____ Dataset extract
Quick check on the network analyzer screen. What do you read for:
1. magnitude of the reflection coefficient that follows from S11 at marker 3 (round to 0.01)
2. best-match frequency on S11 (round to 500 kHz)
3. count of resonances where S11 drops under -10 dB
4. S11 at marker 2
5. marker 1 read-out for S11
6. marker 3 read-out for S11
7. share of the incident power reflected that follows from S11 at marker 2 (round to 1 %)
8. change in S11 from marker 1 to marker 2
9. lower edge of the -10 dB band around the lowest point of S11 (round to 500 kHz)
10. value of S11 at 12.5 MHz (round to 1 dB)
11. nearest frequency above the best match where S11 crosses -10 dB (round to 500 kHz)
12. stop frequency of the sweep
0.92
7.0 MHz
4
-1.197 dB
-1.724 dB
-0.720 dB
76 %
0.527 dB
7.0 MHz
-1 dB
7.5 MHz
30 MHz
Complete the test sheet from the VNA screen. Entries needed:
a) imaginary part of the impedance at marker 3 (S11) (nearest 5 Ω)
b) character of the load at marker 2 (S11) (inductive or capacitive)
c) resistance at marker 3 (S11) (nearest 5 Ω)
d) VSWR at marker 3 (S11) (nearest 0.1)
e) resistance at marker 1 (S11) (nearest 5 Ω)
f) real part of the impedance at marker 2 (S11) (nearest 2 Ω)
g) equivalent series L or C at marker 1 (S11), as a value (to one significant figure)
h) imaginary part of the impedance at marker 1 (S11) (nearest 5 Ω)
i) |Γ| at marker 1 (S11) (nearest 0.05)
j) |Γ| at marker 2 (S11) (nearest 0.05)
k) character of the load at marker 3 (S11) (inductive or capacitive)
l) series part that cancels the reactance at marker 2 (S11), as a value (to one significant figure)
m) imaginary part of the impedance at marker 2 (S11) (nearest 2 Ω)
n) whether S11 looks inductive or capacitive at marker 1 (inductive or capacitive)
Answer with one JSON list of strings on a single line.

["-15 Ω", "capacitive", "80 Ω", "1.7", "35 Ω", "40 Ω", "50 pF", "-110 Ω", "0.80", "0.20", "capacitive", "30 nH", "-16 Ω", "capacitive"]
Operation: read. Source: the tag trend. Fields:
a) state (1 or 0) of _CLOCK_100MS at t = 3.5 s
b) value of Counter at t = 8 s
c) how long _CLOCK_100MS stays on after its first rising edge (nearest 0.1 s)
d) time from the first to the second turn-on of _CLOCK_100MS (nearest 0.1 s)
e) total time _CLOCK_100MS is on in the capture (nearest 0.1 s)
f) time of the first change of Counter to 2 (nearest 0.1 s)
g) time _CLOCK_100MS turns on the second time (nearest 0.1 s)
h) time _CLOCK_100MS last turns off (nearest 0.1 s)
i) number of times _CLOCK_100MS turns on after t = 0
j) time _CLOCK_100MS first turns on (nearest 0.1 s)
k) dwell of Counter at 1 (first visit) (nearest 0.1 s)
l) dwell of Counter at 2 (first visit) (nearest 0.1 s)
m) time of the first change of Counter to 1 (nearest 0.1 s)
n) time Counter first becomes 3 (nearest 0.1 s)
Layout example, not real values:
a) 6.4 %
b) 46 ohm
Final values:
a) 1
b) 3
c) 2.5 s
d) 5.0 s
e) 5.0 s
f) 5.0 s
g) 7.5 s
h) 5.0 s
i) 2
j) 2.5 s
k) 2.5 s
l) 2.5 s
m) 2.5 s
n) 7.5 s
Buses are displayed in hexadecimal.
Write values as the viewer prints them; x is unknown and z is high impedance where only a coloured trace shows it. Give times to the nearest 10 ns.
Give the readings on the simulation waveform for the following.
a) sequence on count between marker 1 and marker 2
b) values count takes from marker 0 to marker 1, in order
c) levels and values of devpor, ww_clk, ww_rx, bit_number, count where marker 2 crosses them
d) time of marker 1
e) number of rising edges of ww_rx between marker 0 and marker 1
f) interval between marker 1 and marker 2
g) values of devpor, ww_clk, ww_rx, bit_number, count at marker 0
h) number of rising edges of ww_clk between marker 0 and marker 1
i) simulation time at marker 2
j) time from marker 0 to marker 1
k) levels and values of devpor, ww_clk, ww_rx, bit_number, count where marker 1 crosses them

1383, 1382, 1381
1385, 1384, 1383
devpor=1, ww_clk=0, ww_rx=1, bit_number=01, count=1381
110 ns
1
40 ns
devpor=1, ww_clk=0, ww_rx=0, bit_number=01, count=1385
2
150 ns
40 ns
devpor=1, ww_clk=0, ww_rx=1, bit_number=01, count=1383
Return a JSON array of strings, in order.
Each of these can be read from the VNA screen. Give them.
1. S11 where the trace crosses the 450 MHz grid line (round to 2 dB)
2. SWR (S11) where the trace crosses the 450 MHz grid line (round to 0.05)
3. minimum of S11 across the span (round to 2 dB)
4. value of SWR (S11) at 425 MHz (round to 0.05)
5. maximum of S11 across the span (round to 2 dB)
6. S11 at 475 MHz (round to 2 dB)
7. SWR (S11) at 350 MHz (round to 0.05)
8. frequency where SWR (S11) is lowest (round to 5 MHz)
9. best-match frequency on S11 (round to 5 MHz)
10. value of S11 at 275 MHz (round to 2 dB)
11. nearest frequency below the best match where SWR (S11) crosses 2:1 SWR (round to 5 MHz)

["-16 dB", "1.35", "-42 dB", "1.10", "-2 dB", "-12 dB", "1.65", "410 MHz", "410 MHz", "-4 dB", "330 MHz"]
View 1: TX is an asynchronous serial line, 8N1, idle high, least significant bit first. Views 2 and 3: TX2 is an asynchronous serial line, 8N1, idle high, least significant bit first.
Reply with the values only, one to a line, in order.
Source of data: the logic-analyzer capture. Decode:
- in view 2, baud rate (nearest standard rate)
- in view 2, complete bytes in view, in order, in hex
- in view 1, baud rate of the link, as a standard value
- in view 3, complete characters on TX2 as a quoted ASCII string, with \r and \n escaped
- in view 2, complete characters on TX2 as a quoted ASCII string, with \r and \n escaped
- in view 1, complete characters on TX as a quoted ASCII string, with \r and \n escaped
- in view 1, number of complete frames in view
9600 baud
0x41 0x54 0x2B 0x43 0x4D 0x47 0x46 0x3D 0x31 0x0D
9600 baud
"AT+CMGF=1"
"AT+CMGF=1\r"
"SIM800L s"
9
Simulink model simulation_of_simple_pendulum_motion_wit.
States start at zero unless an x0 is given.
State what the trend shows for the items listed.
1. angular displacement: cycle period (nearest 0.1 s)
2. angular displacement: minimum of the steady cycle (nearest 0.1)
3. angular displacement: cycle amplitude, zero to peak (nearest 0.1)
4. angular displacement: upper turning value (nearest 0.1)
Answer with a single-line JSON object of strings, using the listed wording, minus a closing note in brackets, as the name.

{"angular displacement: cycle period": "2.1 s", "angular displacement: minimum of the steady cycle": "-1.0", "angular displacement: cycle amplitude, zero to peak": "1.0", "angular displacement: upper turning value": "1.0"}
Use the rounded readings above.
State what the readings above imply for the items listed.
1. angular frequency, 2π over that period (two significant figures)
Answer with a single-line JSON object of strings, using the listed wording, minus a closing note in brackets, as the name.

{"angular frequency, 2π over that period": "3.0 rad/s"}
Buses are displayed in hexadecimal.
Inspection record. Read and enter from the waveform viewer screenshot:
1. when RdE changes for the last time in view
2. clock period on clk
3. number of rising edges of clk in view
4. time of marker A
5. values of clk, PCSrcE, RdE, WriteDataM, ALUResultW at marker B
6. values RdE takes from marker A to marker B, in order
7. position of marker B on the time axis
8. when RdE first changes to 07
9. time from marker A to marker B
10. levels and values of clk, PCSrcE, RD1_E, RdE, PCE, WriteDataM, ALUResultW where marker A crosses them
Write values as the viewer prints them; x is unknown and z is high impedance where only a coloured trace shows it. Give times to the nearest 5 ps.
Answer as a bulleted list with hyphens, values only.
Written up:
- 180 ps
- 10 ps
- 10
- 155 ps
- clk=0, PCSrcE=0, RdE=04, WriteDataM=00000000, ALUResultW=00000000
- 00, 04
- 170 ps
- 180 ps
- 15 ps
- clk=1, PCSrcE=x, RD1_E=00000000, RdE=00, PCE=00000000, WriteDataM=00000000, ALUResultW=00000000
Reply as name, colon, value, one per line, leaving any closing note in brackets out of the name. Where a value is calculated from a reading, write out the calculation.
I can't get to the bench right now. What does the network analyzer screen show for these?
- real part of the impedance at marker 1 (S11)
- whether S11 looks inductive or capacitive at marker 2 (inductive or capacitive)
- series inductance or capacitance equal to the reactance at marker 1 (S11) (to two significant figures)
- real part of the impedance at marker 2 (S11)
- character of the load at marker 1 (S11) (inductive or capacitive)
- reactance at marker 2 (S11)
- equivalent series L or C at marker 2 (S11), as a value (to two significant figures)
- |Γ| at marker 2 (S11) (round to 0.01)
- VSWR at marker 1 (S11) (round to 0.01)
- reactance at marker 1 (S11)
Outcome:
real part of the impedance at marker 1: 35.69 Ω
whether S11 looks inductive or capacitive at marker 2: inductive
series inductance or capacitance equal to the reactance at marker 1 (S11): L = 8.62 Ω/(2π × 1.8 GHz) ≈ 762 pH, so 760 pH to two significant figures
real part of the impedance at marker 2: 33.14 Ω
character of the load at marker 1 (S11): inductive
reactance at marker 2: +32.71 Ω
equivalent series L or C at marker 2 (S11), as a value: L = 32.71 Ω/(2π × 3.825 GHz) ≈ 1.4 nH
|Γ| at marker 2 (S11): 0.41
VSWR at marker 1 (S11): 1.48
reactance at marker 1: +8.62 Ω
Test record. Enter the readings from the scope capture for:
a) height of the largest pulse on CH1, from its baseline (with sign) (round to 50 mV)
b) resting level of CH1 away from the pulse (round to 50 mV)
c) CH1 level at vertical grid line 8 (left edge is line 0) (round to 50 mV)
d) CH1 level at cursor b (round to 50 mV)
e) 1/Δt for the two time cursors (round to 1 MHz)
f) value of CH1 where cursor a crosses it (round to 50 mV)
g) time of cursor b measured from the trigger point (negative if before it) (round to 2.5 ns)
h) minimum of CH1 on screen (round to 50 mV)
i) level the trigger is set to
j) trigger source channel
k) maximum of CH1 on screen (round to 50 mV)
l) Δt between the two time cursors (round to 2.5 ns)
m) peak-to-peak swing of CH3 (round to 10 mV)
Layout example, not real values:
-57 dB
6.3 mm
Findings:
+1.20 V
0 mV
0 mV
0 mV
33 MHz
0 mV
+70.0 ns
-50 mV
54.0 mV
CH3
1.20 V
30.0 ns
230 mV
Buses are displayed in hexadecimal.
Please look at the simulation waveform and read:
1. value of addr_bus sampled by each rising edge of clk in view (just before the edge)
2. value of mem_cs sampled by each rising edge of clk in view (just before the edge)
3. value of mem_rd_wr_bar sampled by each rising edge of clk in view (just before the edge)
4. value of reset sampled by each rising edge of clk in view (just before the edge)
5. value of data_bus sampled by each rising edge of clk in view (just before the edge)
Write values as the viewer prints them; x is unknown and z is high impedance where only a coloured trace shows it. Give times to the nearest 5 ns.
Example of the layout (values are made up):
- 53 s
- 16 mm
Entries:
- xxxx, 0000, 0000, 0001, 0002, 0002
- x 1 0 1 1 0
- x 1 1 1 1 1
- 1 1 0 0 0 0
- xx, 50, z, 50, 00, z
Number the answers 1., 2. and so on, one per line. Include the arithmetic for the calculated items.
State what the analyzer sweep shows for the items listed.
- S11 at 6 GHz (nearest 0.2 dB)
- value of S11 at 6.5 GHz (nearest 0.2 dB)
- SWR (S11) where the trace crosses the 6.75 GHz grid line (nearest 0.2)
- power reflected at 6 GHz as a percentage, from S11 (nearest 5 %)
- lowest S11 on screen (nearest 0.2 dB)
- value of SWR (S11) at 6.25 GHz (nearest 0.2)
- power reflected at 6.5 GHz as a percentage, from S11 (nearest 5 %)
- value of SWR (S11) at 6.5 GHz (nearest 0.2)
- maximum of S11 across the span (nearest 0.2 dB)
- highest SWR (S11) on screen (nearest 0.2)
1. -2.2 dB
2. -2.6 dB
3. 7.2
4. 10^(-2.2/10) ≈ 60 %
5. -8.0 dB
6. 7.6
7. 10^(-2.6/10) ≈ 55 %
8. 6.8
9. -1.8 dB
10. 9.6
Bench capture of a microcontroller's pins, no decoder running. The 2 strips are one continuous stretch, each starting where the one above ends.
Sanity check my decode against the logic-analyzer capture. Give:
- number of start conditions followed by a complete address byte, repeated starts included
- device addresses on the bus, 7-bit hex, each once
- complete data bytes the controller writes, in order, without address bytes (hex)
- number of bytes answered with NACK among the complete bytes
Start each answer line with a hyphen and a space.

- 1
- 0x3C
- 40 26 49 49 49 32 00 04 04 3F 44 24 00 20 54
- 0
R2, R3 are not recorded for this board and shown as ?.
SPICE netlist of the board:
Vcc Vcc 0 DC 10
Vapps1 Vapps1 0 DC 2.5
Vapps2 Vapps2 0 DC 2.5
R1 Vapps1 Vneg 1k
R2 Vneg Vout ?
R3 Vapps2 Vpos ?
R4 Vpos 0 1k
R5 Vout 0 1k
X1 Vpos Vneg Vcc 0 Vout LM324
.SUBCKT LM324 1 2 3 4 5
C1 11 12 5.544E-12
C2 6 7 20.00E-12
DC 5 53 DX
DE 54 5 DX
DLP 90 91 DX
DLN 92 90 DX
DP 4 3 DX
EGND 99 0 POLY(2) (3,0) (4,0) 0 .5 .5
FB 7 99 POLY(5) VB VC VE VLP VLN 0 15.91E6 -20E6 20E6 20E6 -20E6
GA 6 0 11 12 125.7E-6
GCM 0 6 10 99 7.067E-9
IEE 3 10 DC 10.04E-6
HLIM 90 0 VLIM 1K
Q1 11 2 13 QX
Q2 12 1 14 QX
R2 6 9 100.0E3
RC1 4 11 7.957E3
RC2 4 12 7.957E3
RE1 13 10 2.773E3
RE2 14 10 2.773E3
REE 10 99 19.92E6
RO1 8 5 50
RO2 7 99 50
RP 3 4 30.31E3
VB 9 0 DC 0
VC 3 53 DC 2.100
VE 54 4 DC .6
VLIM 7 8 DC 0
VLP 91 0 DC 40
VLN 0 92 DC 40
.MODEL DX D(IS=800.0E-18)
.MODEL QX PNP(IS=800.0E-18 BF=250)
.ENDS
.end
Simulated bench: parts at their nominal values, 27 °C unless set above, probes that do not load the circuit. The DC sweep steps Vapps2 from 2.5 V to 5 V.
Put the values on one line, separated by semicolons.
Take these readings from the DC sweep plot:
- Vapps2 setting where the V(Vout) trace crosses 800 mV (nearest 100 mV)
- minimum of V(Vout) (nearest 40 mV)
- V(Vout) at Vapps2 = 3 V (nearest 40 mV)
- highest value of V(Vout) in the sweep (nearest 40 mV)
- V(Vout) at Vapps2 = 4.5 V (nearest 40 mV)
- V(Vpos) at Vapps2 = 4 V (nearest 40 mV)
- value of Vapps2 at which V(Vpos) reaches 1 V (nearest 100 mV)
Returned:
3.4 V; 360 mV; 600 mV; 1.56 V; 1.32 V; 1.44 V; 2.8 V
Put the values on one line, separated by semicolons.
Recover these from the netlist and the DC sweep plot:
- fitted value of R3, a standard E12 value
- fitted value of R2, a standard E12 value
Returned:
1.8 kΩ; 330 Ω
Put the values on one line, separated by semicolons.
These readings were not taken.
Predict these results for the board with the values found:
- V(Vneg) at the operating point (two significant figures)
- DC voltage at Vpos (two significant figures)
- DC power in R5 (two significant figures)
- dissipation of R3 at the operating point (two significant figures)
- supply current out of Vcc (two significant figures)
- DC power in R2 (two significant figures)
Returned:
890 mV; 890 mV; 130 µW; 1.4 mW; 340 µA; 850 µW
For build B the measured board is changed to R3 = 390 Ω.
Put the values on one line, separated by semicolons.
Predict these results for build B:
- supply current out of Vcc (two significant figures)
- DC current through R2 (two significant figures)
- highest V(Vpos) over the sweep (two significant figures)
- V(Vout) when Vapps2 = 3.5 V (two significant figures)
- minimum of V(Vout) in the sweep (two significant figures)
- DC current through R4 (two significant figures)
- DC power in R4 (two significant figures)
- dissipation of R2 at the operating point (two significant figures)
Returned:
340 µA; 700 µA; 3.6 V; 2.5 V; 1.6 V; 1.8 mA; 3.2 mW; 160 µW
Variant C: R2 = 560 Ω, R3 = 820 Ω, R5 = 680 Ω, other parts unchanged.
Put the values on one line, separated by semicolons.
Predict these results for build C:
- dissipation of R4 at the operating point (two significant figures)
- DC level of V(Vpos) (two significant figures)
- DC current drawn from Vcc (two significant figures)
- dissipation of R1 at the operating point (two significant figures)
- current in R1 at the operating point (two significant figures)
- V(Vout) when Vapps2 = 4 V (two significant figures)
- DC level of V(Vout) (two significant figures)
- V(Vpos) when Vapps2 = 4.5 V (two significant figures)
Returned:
________
Find and copy each line of the material that holds the word "just".

1. value of addr_bus sampled by each rising edge of clk in view (just before the edge)
2. value of mem_cs sampled by each rising edge of clk in view (just before the edge)
3. value of mem_rd_wr_bar sampled by each rising edge of clk in view (just before the edge)
4. value of reset sampled by each rising edge of clk in view (just before the edge)
5. value of data_bus sampled by each rising edge of clk in view (just before the edge)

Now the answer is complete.